Aangrijpende ceremonie
De stoffelijke overschotten worden vanuit de begraafplaats van Montparnasse overgebracht naar het Mémorial de la Shoah. Er kan een groet gebracht worden; er ligt een rouwregister. Op 1 juli staan de kisten, bedekt met de Franse vlag, beneden aan rue Soufflot. Leden van de Gardes républicains dragen de kisten op de schouders. Ze houden driemaal halt. Jongeren zingen; beelden de woorden uit in gebarentaal. De stem van Simone Veil weerklinkt. Het is muisstil onder de duizenden aanwezigen. De klank van een cello-solo snijdt door het hart: een joods lied Song in Remembrance of Schubert gespeeld door Sonia Wieder-Atherton weerklinkt.
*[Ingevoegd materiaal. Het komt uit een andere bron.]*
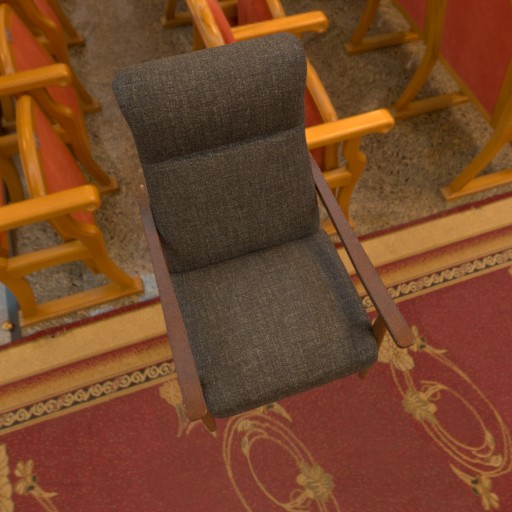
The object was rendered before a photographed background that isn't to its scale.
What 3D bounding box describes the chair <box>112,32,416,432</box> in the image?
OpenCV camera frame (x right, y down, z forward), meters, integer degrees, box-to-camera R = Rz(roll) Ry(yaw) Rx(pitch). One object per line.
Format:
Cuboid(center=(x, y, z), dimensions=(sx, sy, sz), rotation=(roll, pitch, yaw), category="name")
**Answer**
Cuboid(center=(0.000, 0.000, 1.669), dimensions=(0.762, 1.082, 1.014), rotation=(-17, 64, -8), category="chair")
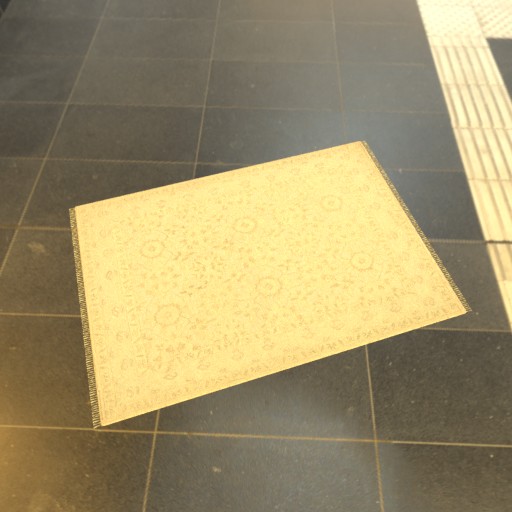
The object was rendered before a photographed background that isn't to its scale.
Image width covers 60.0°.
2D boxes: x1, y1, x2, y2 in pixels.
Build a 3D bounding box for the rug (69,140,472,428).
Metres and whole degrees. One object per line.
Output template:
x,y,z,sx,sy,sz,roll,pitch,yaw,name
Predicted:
0.000,0.000,2.854,2.233,0.011,1.514,-15,59,-9,rug
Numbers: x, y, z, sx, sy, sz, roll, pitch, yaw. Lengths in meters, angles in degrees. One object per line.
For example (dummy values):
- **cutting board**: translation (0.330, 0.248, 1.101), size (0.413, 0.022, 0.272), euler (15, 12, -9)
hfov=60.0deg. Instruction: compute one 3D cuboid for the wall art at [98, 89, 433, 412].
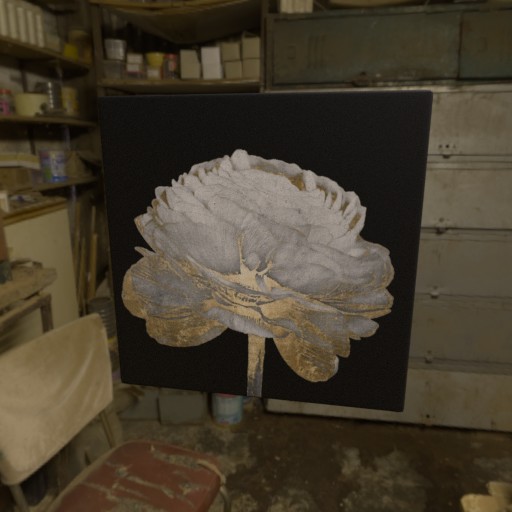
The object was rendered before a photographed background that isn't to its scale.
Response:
- **wall art**: translation (0.000, 0.000, 0.887), size (0.610, 0.611, 0.043), euler (3, 14, 10)

Geen ander instrument kan zo perfect pijn en weemoed verklanken.
Wanneer de kisten op het plein voor het Panthéon staan, neemt president Macron het woord. In zijn hommage belicht hij de verdiensten van Simone Veil. Daarna zingt het koor van het Armée française de Marseillaise, krachtig en in vlug tempo als om de spoken van de weemoed te verdrijven. Sopraan Barbara Hendricks sluit zich erbij aan. Er volgt een minuut stilte waarin Het geluid van de stilte van het concentratiekamp Birkenau, door David Teboul geregistreerd op 17 juni om 5 uur ’s morgens, de lucht vult. Vroege vogels lijken vanuit Polen te zijn overgevlogen. De levendigheid van hun geschetter staat in schril contrast met alles waarvoor de uitroeiingskampen stonden. Er gebeurt iets met de aanwezigen. Ik zie een stoere bewakingsagent een traan wegpinken.
Dan gaat de immense deur van het Panthéon open en daar zit de celliste. Alleen. Sarabande, suite No. 5 van Johann Sebastian Bach. Alles is van dichtbij te volgen op grote schermen. Heel ontroerend. Ook ik houd het niet droog.
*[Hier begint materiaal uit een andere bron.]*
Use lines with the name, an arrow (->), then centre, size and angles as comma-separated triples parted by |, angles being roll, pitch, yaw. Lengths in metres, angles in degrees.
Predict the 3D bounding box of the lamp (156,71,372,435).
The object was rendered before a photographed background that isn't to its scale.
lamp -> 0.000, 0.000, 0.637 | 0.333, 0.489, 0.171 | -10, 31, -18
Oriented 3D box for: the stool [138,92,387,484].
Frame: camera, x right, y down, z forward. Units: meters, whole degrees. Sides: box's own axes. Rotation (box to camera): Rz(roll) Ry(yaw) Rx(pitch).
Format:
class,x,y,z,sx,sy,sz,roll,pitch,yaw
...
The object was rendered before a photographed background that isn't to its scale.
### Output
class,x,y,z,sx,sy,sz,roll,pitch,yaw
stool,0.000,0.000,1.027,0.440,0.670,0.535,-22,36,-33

Familie en hoogwaardigheidsbekleders begeleiden Simone en Antoine tot in de grote hal van het Panthéon. Haar zonen en kleinkinderen waren er ook bij toen ze 60 jaar na de bevrijding, onder impuls en in gezelschap van Alain Genestar (journalist/directeur van Paris Match) Auschwitz bezocht.
’s Avonds ga ik, zoals zovelen, de stoffelijke overschotten groeten in de hal van het Panhéon en kuier in de rue Soufflot langs de panelen met haar leven. De blauwe loper is opgerold. De volgende dag worden de kisten in intieme kring bijgezet in de crypte. Het echtpaar Veil zal rusten in caveau six in gezelschap van Jean Moulin, illustere figuur van de Weerstand, Jean Monnet, één van de grondleggers van een Verenigd Europa en schrijver André Malraux. Rest me alleen nog afscheid te nemen van Simone en Antoine Veil op hun definitieve plaats in het Panthéon. Op de stenen sarcofaag staat nr. 78651, zoals werd getatoeëerd op de arm van de jonge Simone. Merci Madame!